Leave every picture behind and copy the rest of the entries below exactly.

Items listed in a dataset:
--- START ---

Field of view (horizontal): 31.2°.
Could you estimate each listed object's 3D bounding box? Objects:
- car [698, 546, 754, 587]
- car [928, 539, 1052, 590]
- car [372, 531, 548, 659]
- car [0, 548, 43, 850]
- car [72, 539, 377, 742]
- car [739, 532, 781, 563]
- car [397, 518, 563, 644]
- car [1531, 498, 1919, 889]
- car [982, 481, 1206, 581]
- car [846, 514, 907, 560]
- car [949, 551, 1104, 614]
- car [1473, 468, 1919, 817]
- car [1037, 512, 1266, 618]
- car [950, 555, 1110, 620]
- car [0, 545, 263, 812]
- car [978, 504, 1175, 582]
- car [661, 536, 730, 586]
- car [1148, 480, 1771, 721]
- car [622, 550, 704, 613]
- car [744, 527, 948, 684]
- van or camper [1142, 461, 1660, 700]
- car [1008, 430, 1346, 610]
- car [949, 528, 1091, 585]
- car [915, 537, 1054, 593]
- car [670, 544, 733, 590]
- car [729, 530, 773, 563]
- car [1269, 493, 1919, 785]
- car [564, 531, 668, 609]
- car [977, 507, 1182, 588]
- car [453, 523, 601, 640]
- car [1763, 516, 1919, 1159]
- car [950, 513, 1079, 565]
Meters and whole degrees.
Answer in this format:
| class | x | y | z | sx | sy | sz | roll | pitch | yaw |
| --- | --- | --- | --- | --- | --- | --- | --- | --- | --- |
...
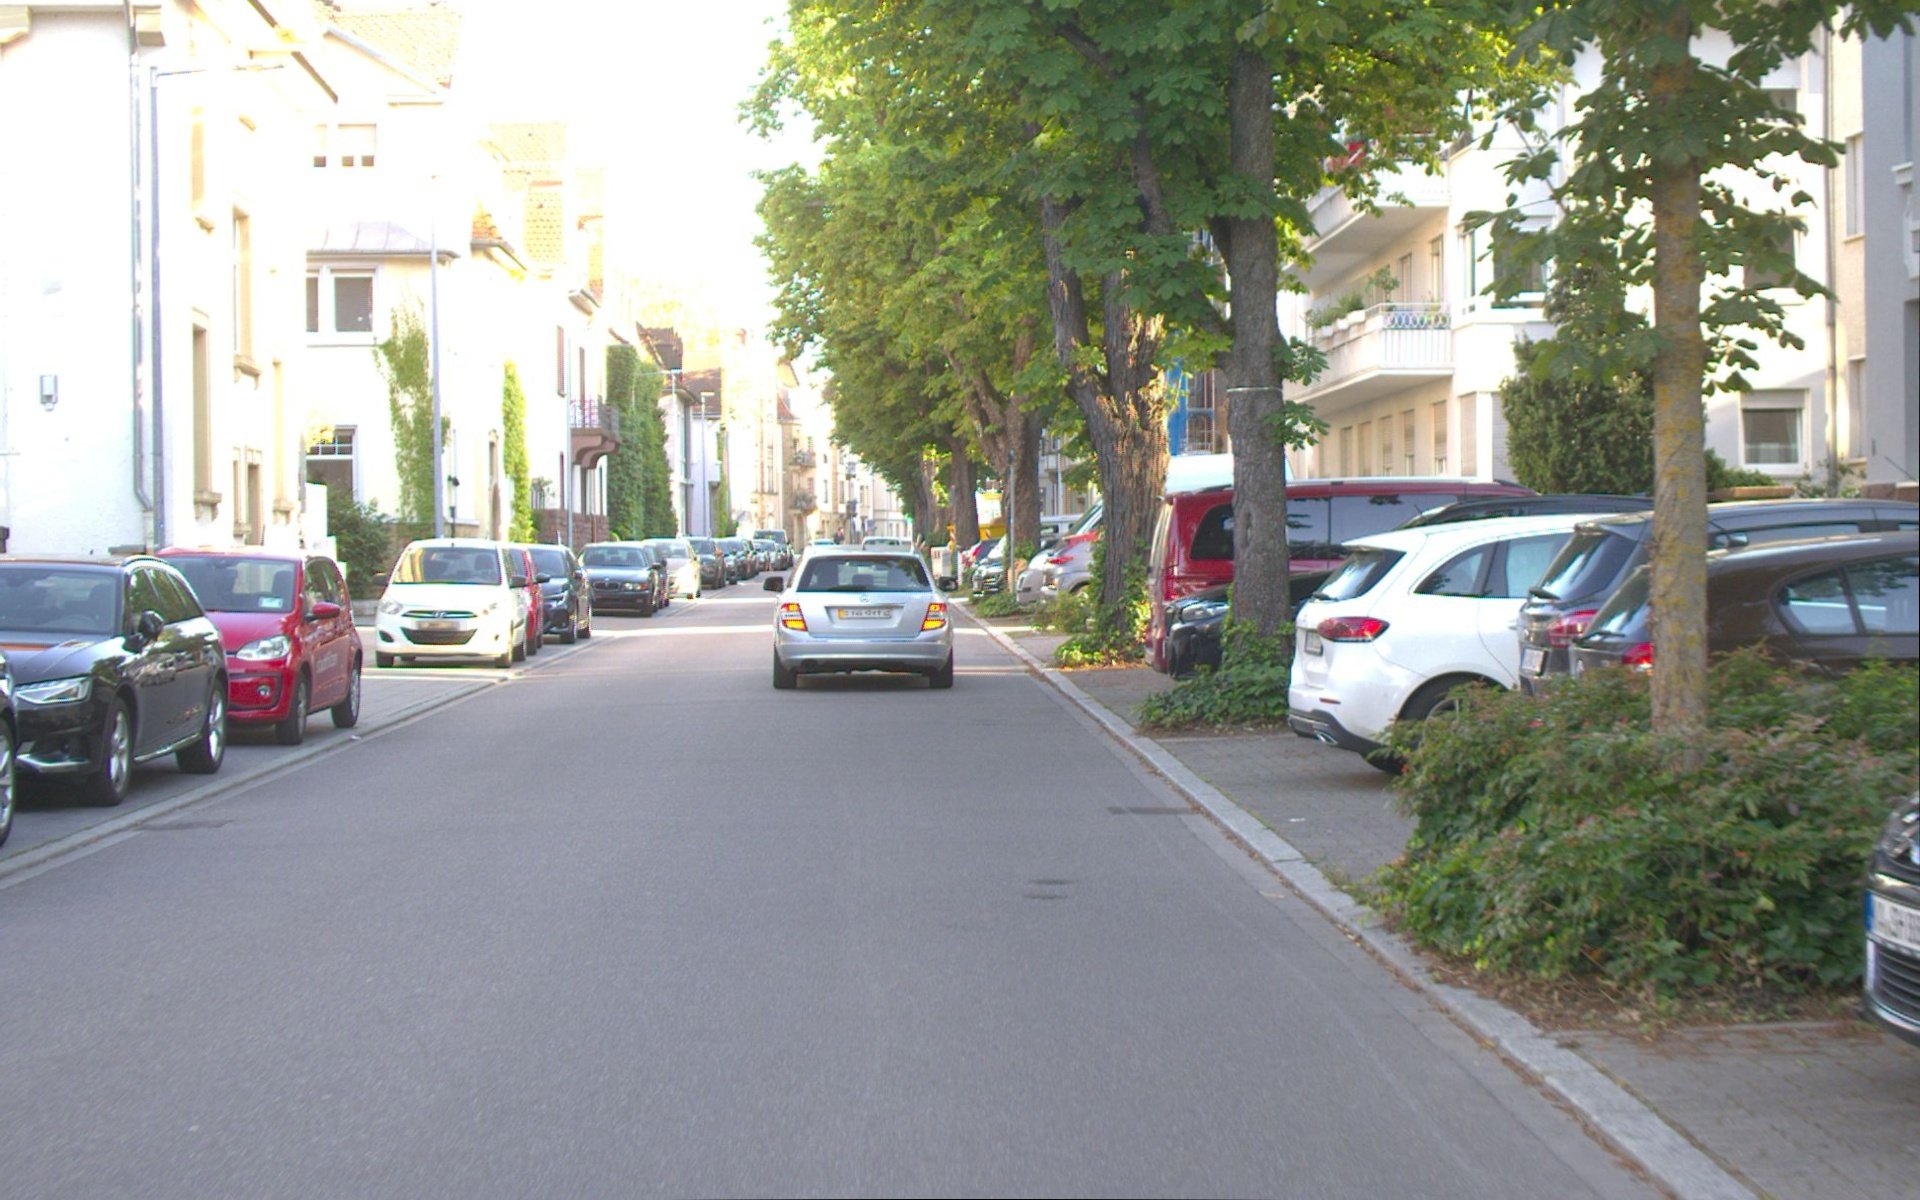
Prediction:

--- END ---

:: ANSWER TO THE PROBLEM ::
Field of view (horizontal): 31.2°.
Could you estimate each listed object's 3D bounding box? Objects:
- car [698, 546, 754, 587]
- car [928, 539, 1052, 590]
- car [372, 531, 548, 659]
- car [0, 548, 43, 850]
- car [72, 539, 377, 742]
- car [739, 532, 781, 563]
- car [397, 518, 563, 644]
- car [1531, 498, 1919, 889]
- car [982, 481, 1206, 581]
- car [846, 514, 907, 560]
- car [949, 551, 1104, 614]
- car [1473, 468, 1919, 817]
- car [1037, 512, 1266, 618]
- car [950, 555, 1110, 620]
- car [0, 545, 263, 812]
- car [978, 504, 1175, 582]
- car [661, 536, 730, 586]
- car [1148, 480, 1771, 721]
- car [622, 550, 704, 613]
- car [744, 527, 948, 684]
- van or camper [1142, 461, 1660, 700]
- car [1008, 430, 1346, 610]
- car [949, 528, 1091, 585]
- car [915, 537, 1054, 593]
- car [670, 544, 733, 590]
- car [729, 530, 773, 563]
- car [1269, 493, 1919, 785]
- car [564, 531, 668, 609]
- car [977, 507, 1182, 588]
- car [453, 523, 601, 640]
- car [1763, 516, 1919, 1159]
- car [950, 513, 1079, 565]
Meters and whole degrees.
Answer in this format:
| class | x | y | z | sx | sy | sz | roll | pitch | yaw |
| --- | --- | --- | --- | --- | --- | --- | --- | --- | --- |
...
Prediction:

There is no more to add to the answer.